Generated URLs are ephemeral — typically 1 hour. If you want to keep an image, do one of:
python
# Option 1: ask for base64 directly
img = client.images.generate(
    model="dall-e-3",
    prompt="...",
    response_format="b64_json",
)
png = base64.b64decode(img.data[0].b64_json)
open("out.png", "wb").write(png)
python
# Option 2: download the URL within the hour, then upload to Files
img = client.images.generate(model="dall-e-3", prompt="...")
png = httpx.get(img.data[0].url).content
f = client.files.create(file=("hero.png", png), purpose="user_data")
# Now reference forever via f.id
The second pattern keeps the bytes in your workspace storage and gives you a stable file_id.

Image edits

Models with edit support (Nano Banana, Qwen Image, FLUX) take a source image plus a prompt:
python
edit = client.images.edit(
    model="gemini-2-5-flash-image",
    image=open("portrait.jpg", "rb"),
    prompt="Replace the background with a tropical beach, keep the subject and pose unchanged",
)
Or via base64 in a raw HTTP call — see Images API. Use cases: background swap, object removal, restyling, in-painting. Edit fidelity beats “regenerate from scratch” for any case where the subject needs to stay consistent.

Sample: generate vs. edit

Generated autumn Japanese garden scene
Edited to winter scene, composition preserved
Both images produced by gemini-2.5-flash-image (Nano Banana). Notice how the edit preserves the composition — bridge, lantern, pond — while swapping season, lighting and palette.

Quality vs. cost

Generation cost varies by model and size — check pricing in GET /v1/models.
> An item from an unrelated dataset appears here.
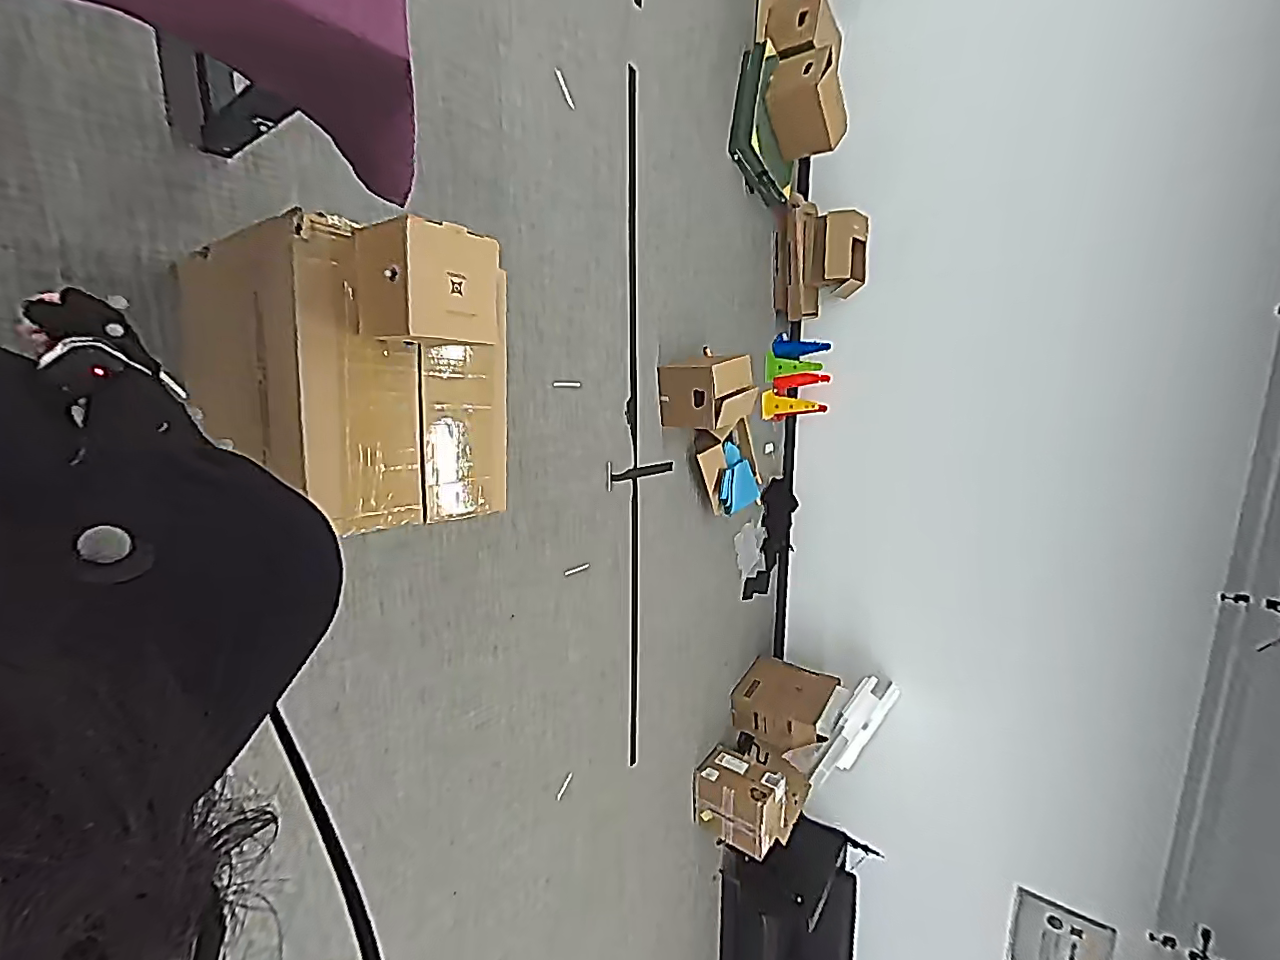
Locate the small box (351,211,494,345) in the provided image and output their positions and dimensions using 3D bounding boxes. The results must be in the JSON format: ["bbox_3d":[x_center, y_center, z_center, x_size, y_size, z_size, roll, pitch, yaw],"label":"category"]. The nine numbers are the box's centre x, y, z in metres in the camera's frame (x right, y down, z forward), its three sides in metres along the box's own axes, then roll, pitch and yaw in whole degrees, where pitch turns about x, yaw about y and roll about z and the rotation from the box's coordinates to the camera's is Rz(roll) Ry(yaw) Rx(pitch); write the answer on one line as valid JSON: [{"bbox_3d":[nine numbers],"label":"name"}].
[{"bbox_3d":[-0.364,-0.324,0.905,0.168,0.176,0.179,-10,106,-51],"label":"small box"}]

Rules of thumb:
  • DALL·E 3 standard ≈ 4 credits, HD ≈ 8 credits
  • Imagen 4 ≈ 8 credits
  • Nano Banana ≈ 1.5 credits
  • FLUX (self-hosted) ≈ 1 credit
For experimentation in the Playground, pick the cheap models. For production hero images, pick by quality, not cost.

Safety

All providers (except FLUX self-hosted) run their own safety filters. Refusals come back as a 400 with the provider’s reason — they aren’t transient and fallback won’t help. If you hit refusals on legitimate content, try a different provider or rephrase. For the policy boundary, see AUP.